Mit insgesamt drei Goldmedaillen in der Rhythmischen Sportgymnastik und einer Silbermedaille im Gerätturnen kehren die saarländischen Turnerinnen und Turner von den Deutschen Meisterschaften in Hannover zurück. Die Ergebnisse bestätigen eindrucksvoll die kontinuierlich erfolgreiche Nach-wuchs- und Leistungsarbeit der saarländischen Vereine und unterstreichen deren Wettbewerbsfähigkeit auf höchstem nationalen Niveau.

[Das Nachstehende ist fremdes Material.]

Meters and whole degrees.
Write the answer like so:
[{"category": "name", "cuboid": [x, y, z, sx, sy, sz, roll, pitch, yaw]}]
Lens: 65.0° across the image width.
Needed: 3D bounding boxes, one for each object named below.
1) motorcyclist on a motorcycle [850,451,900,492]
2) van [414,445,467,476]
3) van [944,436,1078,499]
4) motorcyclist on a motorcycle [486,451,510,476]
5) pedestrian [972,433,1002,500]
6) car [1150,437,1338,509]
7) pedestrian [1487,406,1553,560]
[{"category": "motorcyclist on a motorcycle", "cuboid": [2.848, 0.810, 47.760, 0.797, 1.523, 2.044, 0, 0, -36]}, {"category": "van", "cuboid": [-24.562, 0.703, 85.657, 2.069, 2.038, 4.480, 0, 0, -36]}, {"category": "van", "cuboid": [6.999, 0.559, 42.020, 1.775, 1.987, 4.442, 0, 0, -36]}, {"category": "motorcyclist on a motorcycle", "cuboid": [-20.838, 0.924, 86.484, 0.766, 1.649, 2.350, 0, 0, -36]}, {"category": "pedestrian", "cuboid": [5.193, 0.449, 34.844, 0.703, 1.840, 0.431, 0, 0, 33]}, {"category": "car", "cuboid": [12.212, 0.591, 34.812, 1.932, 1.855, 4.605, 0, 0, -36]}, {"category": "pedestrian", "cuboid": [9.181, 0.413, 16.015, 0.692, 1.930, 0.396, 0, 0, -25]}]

Andreas Julien, Präsident des Saarländischen Turnerbundes (STB) zeigt sich stolz über die Leistungen der saarländischen Turnerinnen und Turner: „Die Leistungen unserer Athletinnen und Athleten bei den Finals machen uns stolz. Sie zeigen eindrucksvoll, wie viel Leidenschaft, Disziplin und Teamgeist im saarländischen Turnsport stecken. Diese Erfolge sind ein starkes Signal für die Zukunft und zugleich Ansporn, den eingeschlagenen Weg gemeinsam weiterzugehen.“ 

Auch Folke Schmitt, Vizepräsidentin Olympische Sportarten des STB, hebt die nachhaltige Entwicklung hervor: „Unsere Sportlerinnen und Sportler haben mit ihren Auftritten eindrucksvoll bewiesen, dass sich konsequente Nachwuchsarbeit und engagierte Vereinsarbeit auszahlen. Die Finals waren eine großartige Bühne, auf der das Saarland mit starken Leistungen und viel Herzblut überzeugt hat. Darauf wollen wir aufbauen.“ 

Für Christian Weimer, Leistungssportreferent des STB, sind die Ergebnisse zugleich Motivation für die kommenden Aufgaben: „Die Finals haben gezeigt, dass wir auf einem guten Weg sind. Besonders freut mich, mit welcher Entschlossenheit und Leidenschaft unsere Athletinnen und Athleten aufgetre-ten sind. Jetzt gilt es, dieses Potenzial weiterzuentwickeln, mutig den nächsten Schritt zu gehen und gemeinsam die Grundlage für die Erfolge von morgen zu schaffen.“ 

Die Leistungen in Hannover zeigen eindrucksvoll, dass sich Engagement, Kontinuität und Teamarbeit auszahlen – beste Voraussetzungen für weitere Erfolge im saarländischen Turnsport.